Enzymatic assay for proteasome activity. The chymotrypsin-like activities of HiTrap Q fractions were measured with the fluorescent substrate N-succinyl-Leu-Leu-Val-Tyr-7-amido-4-methyl-coumarin (Sigma), as described by Gonzalez et al. (15).

Quantitative PCR assay for sporozoite infectivity. Plasmodium yoelii sporozoites were incubated with or without 5 µM lactacystin for 1 h at room temperature and injected intravenously (i.v.) into Swiss Webster mice.

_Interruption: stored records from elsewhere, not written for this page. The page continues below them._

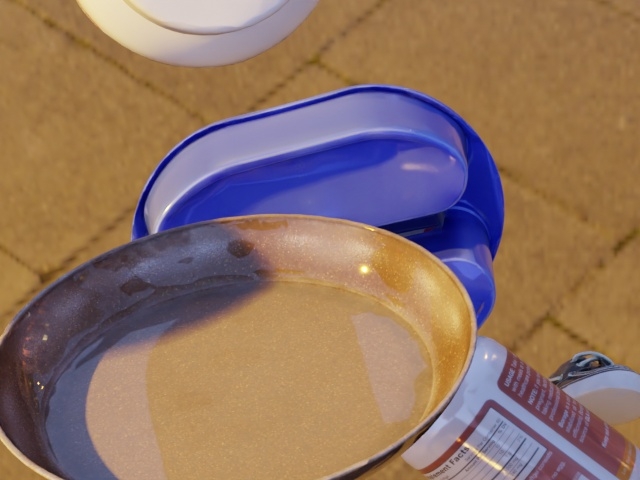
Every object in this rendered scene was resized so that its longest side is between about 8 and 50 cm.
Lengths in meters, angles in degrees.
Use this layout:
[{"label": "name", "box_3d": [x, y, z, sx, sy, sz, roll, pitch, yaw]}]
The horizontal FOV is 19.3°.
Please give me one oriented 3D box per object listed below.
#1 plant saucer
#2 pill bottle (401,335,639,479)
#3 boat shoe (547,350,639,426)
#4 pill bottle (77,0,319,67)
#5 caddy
[{"label": "plant saucer", "box_3d": [-0.055, 0.083, 1.189, 0.310, 0.050, 0.310, -5, 32, 3]}, {"label": "pill bottle", "box_3d": [0.139, 0.154, 1.490, 0.216, 0.121, 0.121, 37, 59, -6]}, {"label": "boat shoe", "box_3d": [0.253, 0.145, 1.821, 0.077, 0.219, 0.070, 13, 70, -13]}, {"label": "pill bottle", "box_3d": [-0.082, -0.200, 1.210, 0.176, 0.176, 0.318, -16, 8, -5]}, {"label": "caddy", "box_3d": [0.000, 0.000, 1.671, 0.341, 0.241, 0.179, -14, 17, 1]}]
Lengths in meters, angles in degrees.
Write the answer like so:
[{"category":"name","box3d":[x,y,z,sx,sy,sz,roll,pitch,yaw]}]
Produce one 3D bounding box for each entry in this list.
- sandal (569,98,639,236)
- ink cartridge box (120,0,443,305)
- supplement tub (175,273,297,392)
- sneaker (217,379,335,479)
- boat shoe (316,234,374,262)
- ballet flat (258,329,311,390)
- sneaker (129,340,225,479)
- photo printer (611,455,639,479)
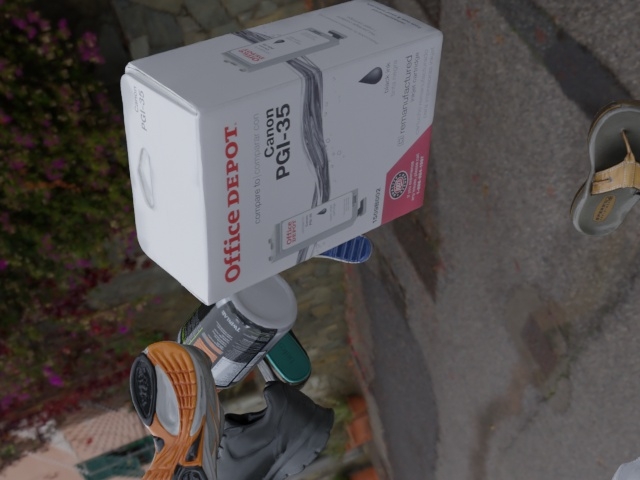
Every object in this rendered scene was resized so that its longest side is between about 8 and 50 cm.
[{"category":"sandal","box3d":[0.336,-0.068,0.952,0.219,0.090,0.060,96,180,-50]},{"category":"ink cartridge box","box3d":[-0.029,-0.091,0.801,0.117,0.283,0.207,36,137,37]},{"category":"supplement tub","box3d":[-0.124,0.127,1.155,0.190,0.117,0.117,-48,55,37]},{"category":"sneaker","box3d":[-0.109,0.316,1.183,0.130,0.286,0.109,40,-178,-6]},{"category":"boat shoe","box3d":[0.000,0.000,1.386,0.066,0.183,0.066,2,-75,-75]},{"category":"ballet flat","box3d":[-0.113,0.122,1.342,0.280,0.095,0.096,63,151,11]},{"category":"sneaker","box3d":[-0.142,0.241,0.938,0.121,0.099,0.262,9,-100,-75]},{"category":"photo printer","box3d":[0.446,0.416,0.975,0.307,0.107,0.256,-117,3,-51]}]

Two thousand sporozoites were injected into each mouse, and 40 h later the mice were sacrificed and their livers were removed. Total RNA extraction from livers and RT-PCR were performed as described by Briones et al. (2) with 1 µg of RNA. PCR analysis of this cDNA was performed with parasite rRNA primers that recognize P. yoelii-specific sequences within the A-type and C-type 18S rRNA. These reactions were performed in the presence of a competitor template, constructed by insertion of a 66-bp DNA fragment into the cloned 393-bp rRNA parasite amplification product. Mouse hypoxanthine phosphoribosyltransferase (HPRT) primers and competitor were used as positive controls to assess the efficiency of RT reactions as described previously (26).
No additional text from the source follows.